**Prompt**
Isolate every line in the data with the string "pitch" and copy it.

=== Begin Enclosure ===

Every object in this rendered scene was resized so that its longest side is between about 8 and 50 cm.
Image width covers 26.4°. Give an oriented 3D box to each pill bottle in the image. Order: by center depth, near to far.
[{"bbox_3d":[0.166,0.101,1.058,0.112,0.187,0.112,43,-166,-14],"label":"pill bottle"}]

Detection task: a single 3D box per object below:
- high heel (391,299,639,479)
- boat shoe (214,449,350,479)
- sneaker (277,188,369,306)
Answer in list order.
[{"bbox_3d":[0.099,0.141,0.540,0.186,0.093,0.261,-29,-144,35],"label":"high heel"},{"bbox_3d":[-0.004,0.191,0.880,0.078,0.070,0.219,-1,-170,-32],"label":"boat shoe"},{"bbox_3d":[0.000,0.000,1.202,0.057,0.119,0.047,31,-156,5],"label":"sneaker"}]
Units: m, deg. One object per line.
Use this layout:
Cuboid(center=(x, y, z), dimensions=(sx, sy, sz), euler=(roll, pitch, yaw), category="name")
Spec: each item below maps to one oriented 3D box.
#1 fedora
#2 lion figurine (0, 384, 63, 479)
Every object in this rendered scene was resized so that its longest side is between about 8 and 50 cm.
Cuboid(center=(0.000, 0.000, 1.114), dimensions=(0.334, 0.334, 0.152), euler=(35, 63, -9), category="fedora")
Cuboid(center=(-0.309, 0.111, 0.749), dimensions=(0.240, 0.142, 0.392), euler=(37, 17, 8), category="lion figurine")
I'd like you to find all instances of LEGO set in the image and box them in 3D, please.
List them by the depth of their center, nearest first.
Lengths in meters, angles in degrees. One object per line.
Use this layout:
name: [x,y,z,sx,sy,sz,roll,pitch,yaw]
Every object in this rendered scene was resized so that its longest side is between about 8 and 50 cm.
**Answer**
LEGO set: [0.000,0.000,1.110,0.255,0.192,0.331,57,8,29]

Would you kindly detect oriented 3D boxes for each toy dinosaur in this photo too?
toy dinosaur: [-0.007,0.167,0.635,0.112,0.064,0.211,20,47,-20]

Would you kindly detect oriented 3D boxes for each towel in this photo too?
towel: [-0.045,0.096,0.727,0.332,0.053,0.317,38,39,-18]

=== End Enclosure ===

**Written solution**
Cuboid(center=(x, y, z), dimensions=(sx, sy, sz), euler=(roll, pitch, yaw), category="name")
name: [x,y,z,sx,sy,sz,roll,pitch,yaw]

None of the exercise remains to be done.